Assignment
Could you report every line from the entries that includes the word "even"?

Dataset extract

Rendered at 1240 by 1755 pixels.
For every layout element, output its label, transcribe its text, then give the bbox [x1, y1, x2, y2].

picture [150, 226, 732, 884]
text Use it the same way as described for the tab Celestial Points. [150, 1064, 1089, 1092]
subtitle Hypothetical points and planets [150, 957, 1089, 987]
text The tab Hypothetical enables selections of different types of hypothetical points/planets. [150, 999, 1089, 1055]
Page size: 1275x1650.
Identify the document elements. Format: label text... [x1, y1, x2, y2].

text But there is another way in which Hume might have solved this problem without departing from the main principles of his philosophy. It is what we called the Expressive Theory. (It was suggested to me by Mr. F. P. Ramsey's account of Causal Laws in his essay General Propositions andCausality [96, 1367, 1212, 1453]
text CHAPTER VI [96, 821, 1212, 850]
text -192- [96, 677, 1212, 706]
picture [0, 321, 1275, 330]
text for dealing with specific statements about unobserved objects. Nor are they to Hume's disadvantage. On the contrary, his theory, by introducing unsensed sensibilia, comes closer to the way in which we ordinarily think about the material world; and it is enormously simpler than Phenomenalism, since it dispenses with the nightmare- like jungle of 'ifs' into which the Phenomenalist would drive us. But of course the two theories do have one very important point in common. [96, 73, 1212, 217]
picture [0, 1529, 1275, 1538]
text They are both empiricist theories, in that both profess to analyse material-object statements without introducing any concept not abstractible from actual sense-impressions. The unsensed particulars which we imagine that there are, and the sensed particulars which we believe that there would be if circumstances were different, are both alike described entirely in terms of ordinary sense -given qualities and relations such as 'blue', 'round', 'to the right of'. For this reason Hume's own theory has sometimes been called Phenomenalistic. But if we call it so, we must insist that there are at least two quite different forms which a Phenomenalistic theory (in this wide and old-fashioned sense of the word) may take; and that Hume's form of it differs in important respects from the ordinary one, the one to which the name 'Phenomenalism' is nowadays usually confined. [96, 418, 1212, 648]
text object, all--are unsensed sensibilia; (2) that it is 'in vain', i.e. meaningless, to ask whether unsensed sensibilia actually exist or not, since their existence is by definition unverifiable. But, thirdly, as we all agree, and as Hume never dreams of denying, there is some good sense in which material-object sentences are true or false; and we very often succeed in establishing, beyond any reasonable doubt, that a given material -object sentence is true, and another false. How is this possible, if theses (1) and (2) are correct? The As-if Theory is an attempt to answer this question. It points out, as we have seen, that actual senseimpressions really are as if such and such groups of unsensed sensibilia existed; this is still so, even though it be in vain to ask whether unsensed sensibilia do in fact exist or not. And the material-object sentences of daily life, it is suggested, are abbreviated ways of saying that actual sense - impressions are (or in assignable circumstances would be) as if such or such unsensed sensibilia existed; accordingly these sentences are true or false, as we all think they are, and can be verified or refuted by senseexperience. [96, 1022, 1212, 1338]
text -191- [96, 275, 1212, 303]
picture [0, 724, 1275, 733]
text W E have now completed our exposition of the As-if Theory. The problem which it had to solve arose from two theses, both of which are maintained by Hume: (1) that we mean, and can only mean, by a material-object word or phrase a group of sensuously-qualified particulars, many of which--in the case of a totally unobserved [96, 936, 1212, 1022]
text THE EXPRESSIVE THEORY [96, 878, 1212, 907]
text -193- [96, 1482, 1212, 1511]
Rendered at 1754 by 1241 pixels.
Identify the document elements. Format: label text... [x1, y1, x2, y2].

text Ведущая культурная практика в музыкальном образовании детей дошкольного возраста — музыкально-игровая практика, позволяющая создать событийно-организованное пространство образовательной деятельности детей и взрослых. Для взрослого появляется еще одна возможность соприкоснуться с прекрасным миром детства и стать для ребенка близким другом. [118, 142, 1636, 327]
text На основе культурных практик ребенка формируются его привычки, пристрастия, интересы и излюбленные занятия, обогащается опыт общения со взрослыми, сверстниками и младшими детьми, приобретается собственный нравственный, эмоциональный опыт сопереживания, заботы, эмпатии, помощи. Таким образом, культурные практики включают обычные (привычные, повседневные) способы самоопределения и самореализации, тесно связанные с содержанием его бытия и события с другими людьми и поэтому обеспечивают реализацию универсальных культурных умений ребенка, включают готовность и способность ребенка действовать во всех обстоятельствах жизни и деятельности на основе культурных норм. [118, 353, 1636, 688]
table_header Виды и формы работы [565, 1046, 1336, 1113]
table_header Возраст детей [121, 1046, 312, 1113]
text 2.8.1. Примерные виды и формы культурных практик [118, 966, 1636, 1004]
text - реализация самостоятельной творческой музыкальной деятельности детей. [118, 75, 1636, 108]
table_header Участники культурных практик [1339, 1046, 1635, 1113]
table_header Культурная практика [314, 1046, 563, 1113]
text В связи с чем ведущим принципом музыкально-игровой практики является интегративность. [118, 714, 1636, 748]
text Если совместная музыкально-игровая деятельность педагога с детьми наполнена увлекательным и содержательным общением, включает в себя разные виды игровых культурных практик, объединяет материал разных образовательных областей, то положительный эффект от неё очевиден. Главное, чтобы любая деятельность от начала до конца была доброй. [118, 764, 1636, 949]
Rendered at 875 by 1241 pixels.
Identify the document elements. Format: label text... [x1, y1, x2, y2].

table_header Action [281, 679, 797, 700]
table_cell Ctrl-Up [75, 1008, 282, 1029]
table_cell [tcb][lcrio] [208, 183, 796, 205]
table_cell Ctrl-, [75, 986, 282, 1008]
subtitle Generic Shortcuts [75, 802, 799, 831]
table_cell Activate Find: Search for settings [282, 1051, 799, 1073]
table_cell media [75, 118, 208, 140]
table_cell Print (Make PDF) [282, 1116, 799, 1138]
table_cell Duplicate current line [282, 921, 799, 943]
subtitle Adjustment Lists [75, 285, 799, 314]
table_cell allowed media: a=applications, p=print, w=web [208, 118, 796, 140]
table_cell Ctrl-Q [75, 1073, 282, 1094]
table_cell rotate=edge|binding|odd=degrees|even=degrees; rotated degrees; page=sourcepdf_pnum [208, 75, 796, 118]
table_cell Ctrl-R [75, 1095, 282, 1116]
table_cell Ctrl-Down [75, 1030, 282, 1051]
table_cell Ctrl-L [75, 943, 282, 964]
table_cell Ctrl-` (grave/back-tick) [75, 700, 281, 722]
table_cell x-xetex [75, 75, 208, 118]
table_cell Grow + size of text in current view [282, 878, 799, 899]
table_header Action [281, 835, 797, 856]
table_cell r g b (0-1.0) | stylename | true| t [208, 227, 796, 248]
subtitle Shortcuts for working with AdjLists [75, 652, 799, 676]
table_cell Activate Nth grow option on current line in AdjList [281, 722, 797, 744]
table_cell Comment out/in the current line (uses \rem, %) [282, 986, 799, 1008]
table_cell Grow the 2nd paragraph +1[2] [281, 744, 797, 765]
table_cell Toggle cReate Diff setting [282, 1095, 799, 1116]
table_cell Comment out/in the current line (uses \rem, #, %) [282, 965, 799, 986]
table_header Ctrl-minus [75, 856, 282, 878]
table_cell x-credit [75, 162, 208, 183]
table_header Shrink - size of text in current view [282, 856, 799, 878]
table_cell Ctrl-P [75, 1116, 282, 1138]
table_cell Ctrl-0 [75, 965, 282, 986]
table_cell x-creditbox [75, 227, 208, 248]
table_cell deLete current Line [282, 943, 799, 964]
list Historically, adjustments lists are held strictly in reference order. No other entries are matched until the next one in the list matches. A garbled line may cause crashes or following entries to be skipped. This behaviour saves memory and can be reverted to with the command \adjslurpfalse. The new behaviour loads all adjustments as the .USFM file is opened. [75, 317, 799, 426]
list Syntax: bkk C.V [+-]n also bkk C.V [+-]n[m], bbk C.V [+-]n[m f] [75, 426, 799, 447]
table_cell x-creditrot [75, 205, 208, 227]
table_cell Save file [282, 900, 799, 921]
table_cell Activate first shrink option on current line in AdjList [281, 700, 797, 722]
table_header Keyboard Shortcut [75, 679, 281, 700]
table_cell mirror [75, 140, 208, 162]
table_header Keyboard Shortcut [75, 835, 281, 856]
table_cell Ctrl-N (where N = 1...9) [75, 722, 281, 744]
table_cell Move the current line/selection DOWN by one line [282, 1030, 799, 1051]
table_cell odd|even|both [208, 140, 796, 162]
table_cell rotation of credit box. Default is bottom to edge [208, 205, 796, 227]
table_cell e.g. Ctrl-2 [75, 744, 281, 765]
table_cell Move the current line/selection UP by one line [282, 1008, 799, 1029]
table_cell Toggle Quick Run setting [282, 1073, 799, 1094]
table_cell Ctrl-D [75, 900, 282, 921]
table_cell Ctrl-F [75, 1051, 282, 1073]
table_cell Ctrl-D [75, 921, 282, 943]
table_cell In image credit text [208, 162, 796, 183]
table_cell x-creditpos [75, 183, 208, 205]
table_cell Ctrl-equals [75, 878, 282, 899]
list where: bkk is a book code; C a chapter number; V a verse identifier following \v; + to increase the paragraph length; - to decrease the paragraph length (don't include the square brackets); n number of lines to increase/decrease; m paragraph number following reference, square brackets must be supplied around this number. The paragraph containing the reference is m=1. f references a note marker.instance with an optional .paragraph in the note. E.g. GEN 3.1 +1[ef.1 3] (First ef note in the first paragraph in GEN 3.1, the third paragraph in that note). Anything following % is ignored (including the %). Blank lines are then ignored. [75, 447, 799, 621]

Exercise response
text object, all--are unsensed sensibilia; (2) that it is 'in vain', i.e. meaningless, to ask whether unsensed sensibilia actually exist or not, since their existence is by definition unverifiable. But, thirdly, as we all agree, and as Hume never dreams of denying, there is some good sense in which material-object sentences are true or false; and we very often succeed in establishing, beyond any reasonable doubt, that a given material -object sentence is true, and another false. How is this possible, if theses (1) and (2) are correct? The As-if Theory is an attempt to answer this question. It points out, as we have seen, that actual senseimpressions really are as if such and such groups of unsensed sensibilia existed; this is still so, even though it be in vain to ask whether unsensed sensibilia do in fact exist or not. And the material-object sentences of daily life, it is suggested, are abbreviated ways of saying that actual sense - impressions are (or in assignable circumstances would be) as if such or such unsensed sensibilia existed; accordingly these sentences are true or false, as we all think they are, and can be verified or refuted by senseexperience. [96, 1022, 1212, 1338]
table_cell rotate=edge|binding|odd=degrees|even=degrees; rotated degrees; page=sourcepdf_pnum [208, 75, 796, 118]
table_cell odd|even|both [208, 140, 796, 162]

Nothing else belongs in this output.